But needed, as even with the semantics off, you can get unicode strings.
Which can end up as array keys.

Yes, in this case there is no way to avoid converting (while doing unserialize()),
but I don't see any point in creating Unicode strings when serializing with unicode_semantics is Off.

--
Wbr,
Antony Dovgal

19 years ago by Pierre Joye — view source

unread

Yes, in this case there is no way to avoid converting (while doing unserialize()),
but I don't see any point in creating Unicode strings when serializing with unicode_semantics is Off.

If I use serialized data on different hosts with different php, I can
see a need of having unicode strings in serialize even if
unicode_semantics is off.

--Pierre

19 years ago by Derick Rethans — view source

unread

But needed, as even with the semantics off, you can get unicode strings.
Which can end up as array keys.

Yes, in this case there is no way to avoid converting (while doing
unserialize()), but I don't see any point in creating Unicode strings when
serializing with unicode_semantics is Off.

Why not? An array can have a unicode string element, you want to
properly serialize that, as you can't always downconvert.

Derick

--
Derick Rethans
http://derickrethans.nl | http://ez.no | http://xdebug.org

19 years ago by val khokhlov — view source

unread

Hello Antony,

Tuesday, September 13, 2005, 12:42:57 PM, you wrote:

AD> So you propose to store strings/hash keys/class names in Unicode
AD> even if unicode_semantics is Off ?
yes - those items that are encoded into unicode when
unicode_semantics is on (afair, class names and property names for serialize)

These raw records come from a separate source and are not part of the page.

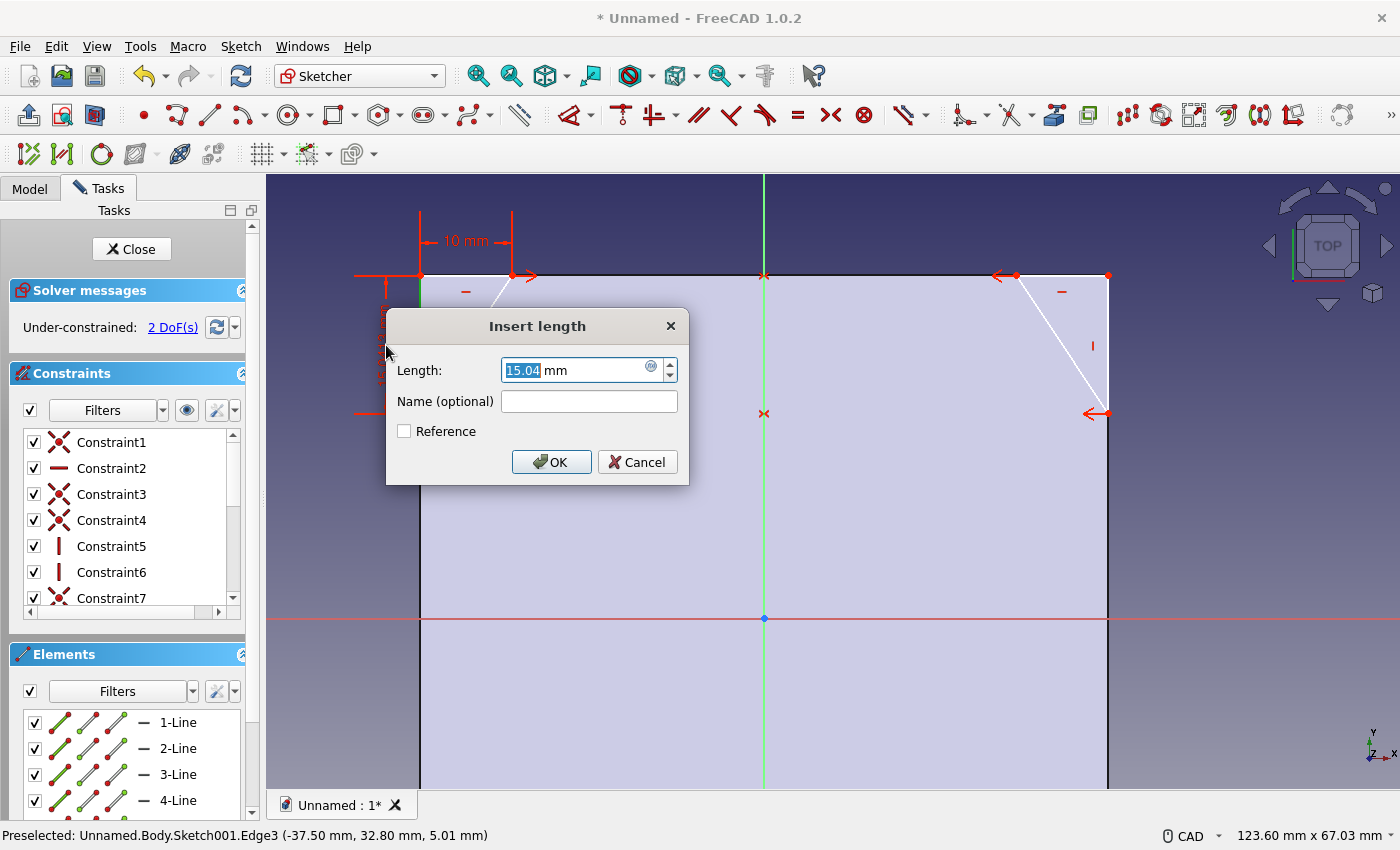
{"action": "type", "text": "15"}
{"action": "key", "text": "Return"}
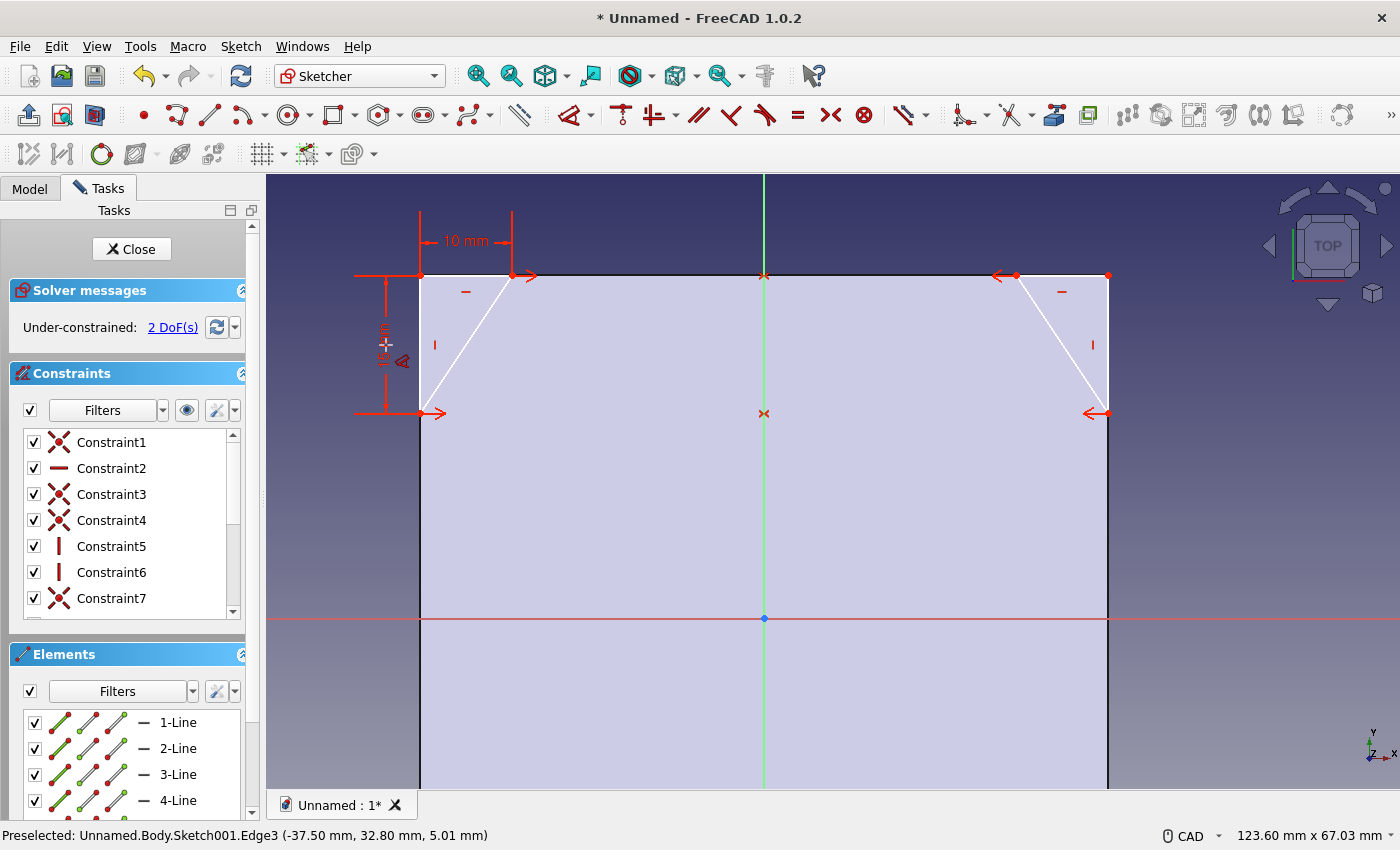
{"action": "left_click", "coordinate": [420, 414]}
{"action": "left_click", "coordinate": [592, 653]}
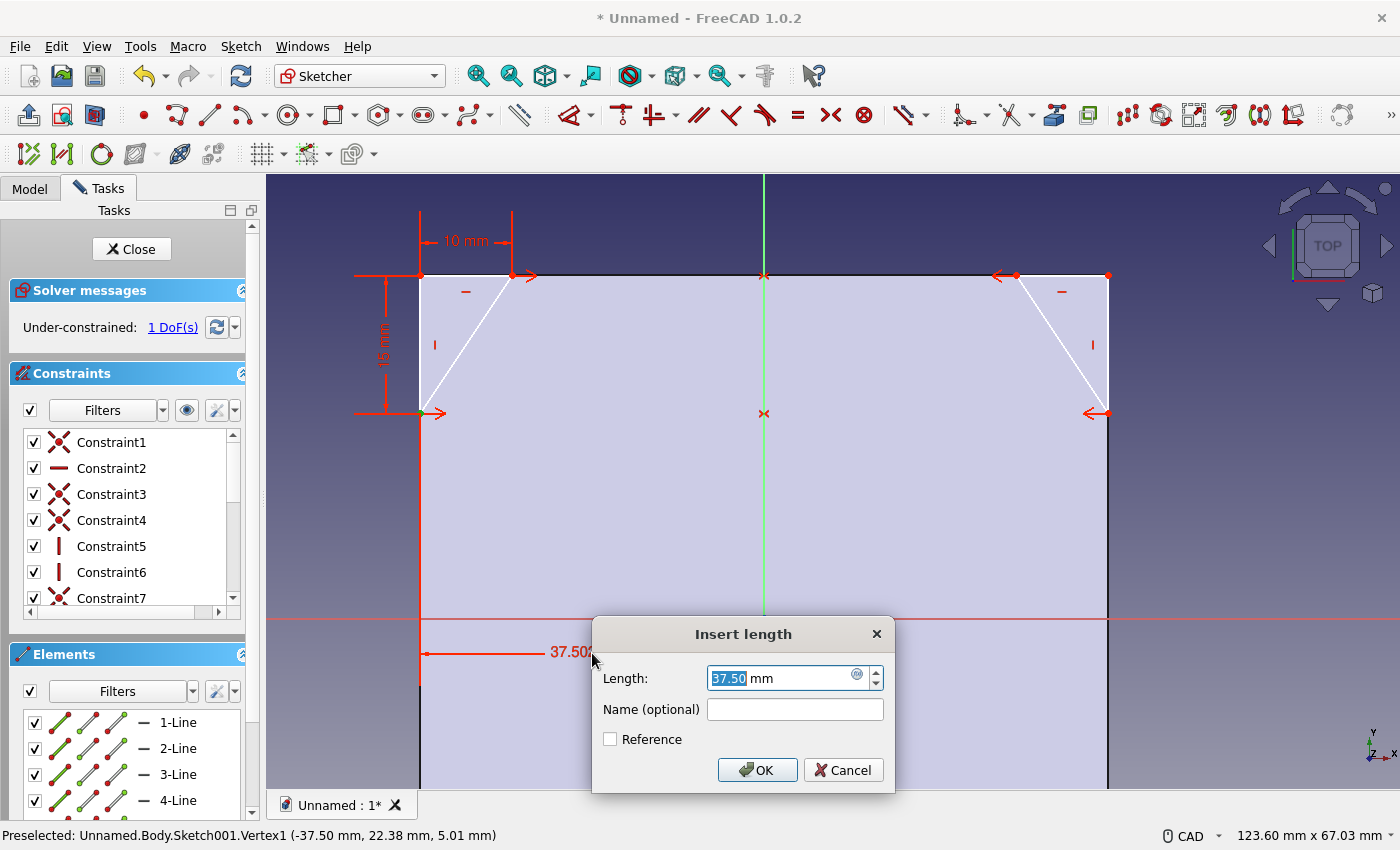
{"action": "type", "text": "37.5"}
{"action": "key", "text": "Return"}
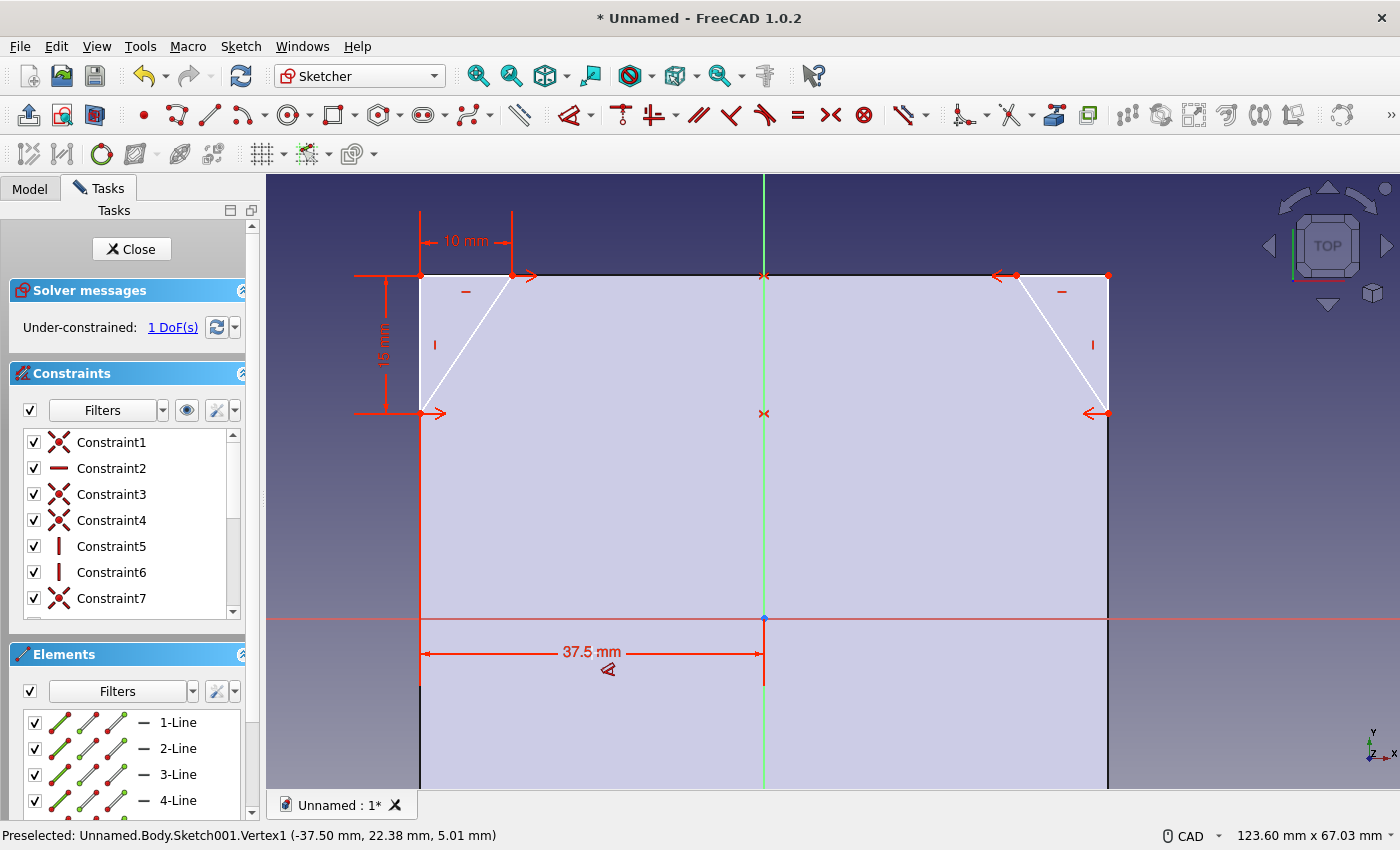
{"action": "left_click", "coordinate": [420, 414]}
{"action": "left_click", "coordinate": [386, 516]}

AD> It looks like adding unnecessary overhead to me.
it's an overhead when you serialize and unserialize data on the same
system with the same php.ini unicode settings; but when transferring data to
other systems or changing something, you need to either use unicode, or
specify encoding for the serialized data (so, you can convert them to the
actual encoding when unserializing)

--
Best regards,
val mailto:val@vk.kiev.ua